L’étude met également en lumière une perception plutôt mesurée du contexte économique et professionnel. Près de 69 % des répondants jugent les opportunités d’emploi rares, tandis que 62 % estiment que le marché stagne, voire se dégrade. Pourtant, dans le même temps, plus de 80 % se disent satisfaits de leur emploi actuel.

Cette apparente contradiction s’explique par l’importance accordée à la qualité de l’expérience humaine au travail. Contrairement aux idées reçues, le salaire n’apparaît pas comme le principal moteur de satisfaction. Les jeunes interrogés valorisent avant tout la qualité du management, la reconnaissance, l’ambiance de travail et l’équilibre entre vie professionnelle et personnelle.

Le management, nouveau facteur clé de fidélisation

L’enquête de RBS révèle d’ailleurs un phénomène marquant : les jeunes les plus satisfaits évoluent majoritairement dans de grandes structures, bénéficiant d’un management structuré. À l’inverse, les organisations où l’autonomie est peu encadrée génèrent davantage d’insatisfaction et d’intentions de départ. Plus de 61 % des répondants disent avoir déjà envisagé de quitter leur entreprise.

Pour cette génération, l’autonomie sans cadre peut rapidement devenir une source d’insécurité. Les jeunes diplômés semblent rechercher des environnements capables d’offrir à la fois écoute, accompagnement et perspectives d’évolution claires.

L’étude souligne également plusieurs fractures persistantes. Les femmes affichent des niveaux de satisfaction inférieurs à ceux des hommes sur plusieurs dimensions : reconnaissance, rémunération, perspectives d’évolution ou encore qualité du management. De même, les diplômés issus des grandes métropoles apparaissent globalement moins satisfaits que ceux vivant hors des grands centres urbains, notamment en raison du coût de la vie et de la pression concurrentielle.

Des trajectoires très différentes selon les disciplines

Enfin, l’analyse disciplinaire met en évidence une insertion plus fluide pour les diplômés des sciences dures, qui bénéficient de débouchés plus lisibles et d’environnements de travail jugés plus structurés. Les diplômés en sciences de gestion, eux, portent un regard plus critique sur leur expérience professionnelle, mais affichent aussi un niveau d’exigence plus élevé vis-à-vis du management et des perspectives de carrière.

Une jeunesse en quête de repères... mais toujours prête à s’engager

Au fond, cette enquête raconte moins une génération désabusée qu’une génération exigeante, lucide sur les réalités du marché, mais toujours prête à s’investir lorsque les conditions de travail, le management et la reconnaissance sont au rendez-vous.

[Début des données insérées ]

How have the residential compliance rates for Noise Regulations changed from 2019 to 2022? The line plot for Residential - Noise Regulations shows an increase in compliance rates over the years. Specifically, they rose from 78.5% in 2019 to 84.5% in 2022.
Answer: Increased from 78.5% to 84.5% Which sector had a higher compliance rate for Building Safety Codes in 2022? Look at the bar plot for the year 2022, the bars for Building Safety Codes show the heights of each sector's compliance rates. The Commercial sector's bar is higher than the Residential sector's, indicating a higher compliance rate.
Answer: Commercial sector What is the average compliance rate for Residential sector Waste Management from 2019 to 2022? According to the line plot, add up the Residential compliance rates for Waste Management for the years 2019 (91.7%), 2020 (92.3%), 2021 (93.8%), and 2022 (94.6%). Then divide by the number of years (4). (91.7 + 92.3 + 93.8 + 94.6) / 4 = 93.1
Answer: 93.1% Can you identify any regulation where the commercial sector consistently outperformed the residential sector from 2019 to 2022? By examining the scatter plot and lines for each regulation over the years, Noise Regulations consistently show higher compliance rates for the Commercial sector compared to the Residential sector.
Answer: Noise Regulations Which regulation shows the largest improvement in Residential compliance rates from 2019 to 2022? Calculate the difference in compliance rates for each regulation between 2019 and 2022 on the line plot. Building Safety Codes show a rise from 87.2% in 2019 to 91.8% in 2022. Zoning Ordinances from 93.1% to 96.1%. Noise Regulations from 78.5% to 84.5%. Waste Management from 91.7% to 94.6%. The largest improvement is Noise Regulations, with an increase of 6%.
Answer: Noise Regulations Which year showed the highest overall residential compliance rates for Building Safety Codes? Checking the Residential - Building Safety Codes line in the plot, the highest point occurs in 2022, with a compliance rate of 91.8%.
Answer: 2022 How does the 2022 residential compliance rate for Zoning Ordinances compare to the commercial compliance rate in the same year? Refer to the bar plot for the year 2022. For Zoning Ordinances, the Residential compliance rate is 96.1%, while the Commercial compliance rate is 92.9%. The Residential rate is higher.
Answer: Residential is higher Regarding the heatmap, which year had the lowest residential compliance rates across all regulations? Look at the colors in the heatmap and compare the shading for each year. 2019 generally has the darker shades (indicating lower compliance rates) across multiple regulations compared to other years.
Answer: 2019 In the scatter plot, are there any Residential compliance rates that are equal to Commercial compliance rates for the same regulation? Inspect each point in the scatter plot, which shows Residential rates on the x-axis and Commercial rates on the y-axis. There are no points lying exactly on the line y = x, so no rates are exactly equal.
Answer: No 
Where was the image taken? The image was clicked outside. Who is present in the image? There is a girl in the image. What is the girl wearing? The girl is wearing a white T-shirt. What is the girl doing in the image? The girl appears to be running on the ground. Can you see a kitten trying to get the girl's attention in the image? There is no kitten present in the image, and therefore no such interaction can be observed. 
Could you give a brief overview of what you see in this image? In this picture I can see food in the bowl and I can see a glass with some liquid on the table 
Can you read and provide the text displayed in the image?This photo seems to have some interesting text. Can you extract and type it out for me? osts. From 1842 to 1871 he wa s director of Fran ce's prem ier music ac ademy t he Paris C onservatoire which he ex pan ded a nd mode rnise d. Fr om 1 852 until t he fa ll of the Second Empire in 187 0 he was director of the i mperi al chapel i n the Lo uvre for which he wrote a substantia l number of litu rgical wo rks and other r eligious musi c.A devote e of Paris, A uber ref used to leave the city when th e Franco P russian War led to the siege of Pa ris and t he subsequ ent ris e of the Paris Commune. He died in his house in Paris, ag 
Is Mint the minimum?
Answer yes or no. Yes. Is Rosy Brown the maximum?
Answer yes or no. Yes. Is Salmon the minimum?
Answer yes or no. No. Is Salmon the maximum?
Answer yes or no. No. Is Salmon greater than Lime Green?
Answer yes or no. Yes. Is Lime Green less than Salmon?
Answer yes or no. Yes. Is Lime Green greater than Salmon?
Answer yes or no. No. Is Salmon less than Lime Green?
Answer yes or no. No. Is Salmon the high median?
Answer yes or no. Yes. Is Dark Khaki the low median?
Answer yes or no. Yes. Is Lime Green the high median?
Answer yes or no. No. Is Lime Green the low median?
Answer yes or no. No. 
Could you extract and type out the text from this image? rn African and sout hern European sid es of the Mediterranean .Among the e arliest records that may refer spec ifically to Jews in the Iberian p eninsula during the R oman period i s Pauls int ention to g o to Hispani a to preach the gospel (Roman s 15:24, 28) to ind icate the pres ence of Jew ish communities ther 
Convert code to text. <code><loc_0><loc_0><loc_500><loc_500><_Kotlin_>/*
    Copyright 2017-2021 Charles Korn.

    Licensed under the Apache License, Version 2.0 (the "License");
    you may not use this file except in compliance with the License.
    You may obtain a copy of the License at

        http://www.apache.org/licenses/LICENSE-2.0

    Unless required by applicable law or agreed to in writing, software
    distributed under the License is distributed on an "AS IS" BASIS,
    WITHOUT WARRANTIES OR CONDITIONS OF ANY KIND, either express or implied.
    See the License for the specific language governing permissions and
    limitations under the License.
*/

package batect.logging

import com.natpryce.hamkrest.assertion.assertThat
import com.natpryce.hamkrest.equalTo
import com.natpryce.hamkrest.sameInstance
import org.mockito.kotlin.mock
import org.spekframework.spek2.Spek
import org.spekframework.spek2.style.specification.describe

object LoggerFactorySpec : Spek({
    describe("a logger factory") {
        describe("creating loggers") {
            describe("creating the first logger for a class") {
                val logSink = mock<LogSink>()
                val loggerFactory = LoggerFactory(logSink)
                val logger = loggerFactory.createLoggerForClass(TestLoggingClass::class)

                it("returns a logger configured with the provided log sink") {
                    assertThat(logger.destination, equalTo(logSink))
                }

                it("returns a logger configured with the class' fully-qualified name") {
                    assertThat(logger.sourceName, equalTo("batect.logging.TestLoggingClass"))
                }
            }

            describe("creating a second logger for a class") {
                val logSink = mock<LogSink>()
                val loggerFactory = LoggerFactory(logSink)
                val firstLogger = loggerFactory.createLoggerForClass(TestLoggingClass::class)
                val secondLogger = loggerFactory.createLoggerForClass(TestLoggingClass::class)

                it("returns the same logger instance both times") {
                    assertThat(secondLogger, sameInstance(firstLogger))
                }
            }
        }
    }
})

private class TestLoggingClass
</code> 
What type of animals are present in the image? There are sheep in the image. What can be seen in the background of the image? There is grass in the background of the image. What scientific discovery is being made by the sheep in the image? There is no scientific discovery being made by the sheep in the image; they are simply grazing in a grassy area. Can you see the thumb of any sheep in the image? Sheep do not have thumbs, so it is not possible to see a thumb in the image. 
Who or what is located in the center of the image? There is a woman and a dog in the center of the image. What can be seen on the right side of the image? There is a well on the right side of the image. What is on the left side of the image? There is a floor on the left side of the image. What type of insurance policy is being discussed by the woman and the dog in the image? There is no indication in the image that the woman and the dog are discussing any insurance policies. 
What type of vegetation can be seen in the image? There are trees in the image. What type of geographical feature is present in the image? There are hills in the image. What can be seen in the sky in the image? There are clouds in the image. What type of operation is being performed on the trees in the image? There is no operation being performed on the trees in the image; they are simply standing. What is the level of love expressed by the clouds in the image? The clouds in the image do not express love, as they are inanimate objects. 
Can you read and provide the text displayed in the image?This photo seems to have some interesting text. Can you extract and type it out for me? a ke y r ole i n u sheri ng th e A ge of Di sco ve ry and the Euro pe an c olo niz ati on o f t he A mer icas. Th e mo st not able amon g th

Pour l’Etat et les entreprises, comme pour les établissements d’enseignement supérieur, le défi consiste désormais à mieux accompagner cette jeunesse en quête de sens, de visibilité et de perspectives durables.

« Les jeunes diplômés marocains ne rejettent pas le travail. Ils attendent surtout des organisations plus lisibles, plus humaines et capables de leur offrir un véritable cadre de progression. Cette étude montre qu’au-delà de l’emploi, c’est désormais la qualité de l’expérience professionnelle qui devient déterminante », analyse Nicolas Arnaud, doyen du College of Management et directeur général de Rabat Business School.